(Dataset items)
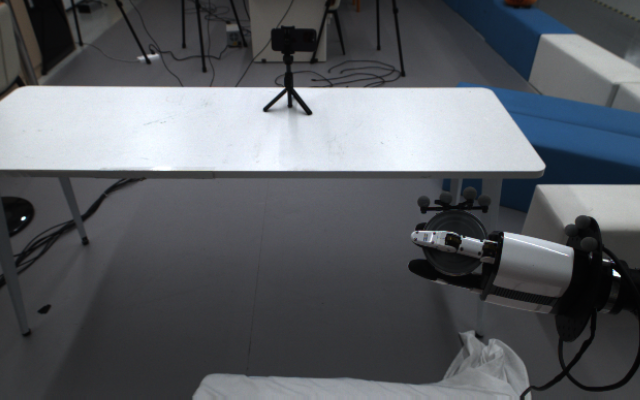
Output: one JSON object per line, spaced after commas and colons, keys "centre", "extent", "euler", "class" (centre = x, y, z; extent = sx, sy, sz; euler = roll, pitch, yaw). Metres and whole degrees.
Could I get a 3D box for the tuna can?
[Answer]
{"centre": [0.179, 0.055, 0.644], "extent": [0.085, 0.034, 0.085], "euler": [-5, 70, 15], "class": "tuna can"}
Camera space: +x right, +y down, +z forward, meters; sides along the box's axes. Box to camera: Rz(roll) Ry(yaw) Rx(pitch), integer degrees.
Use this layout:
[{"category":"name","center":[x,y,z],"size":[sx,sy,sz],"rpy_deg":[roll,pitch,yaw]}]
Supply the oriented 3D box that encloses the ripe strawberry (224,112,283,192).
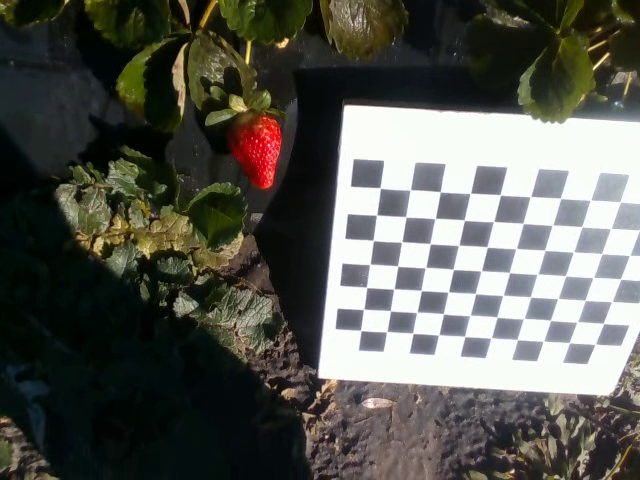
[{"category":"ripe strawberry","center":[-0.049,-0.068,0.476],"size":[0.048,0.069,0.040],"rpy_deg":[-12,23,8]}]
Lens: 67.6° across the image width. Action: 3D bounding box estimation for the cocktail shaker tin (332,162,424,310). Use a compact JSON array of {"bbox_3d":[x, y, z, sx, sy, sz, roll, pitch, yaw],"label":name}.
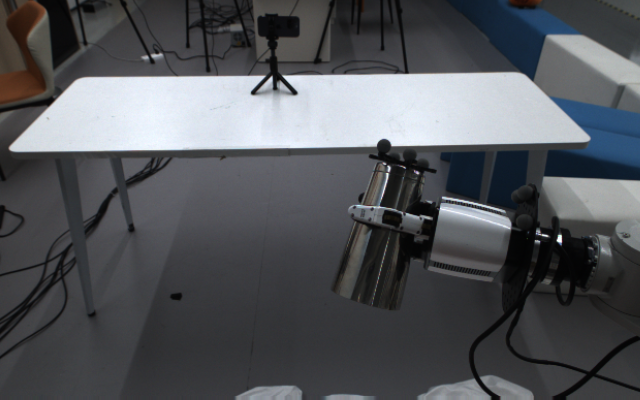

§ Work order
Find the word "JSON" in the records. Copy every line it appears in.

§ Answer space
Output: one JSON object per line, spaced after commas and colons, keys "centre", "extent", "euler", "class" (centre = x, y, z; extent = sx, sy, sz; euler = roll, pitch, yaw). Metres and whole degrees.
Lens: 67.6° across the image width. Action: 3D bounding box estimation for the cocktail shaker tin (332,162,424,310). Use a compact JSON array of {"bbox_3d":[x, y, z, sx, sy, sz, roll, pitch, yaw],"label":name}.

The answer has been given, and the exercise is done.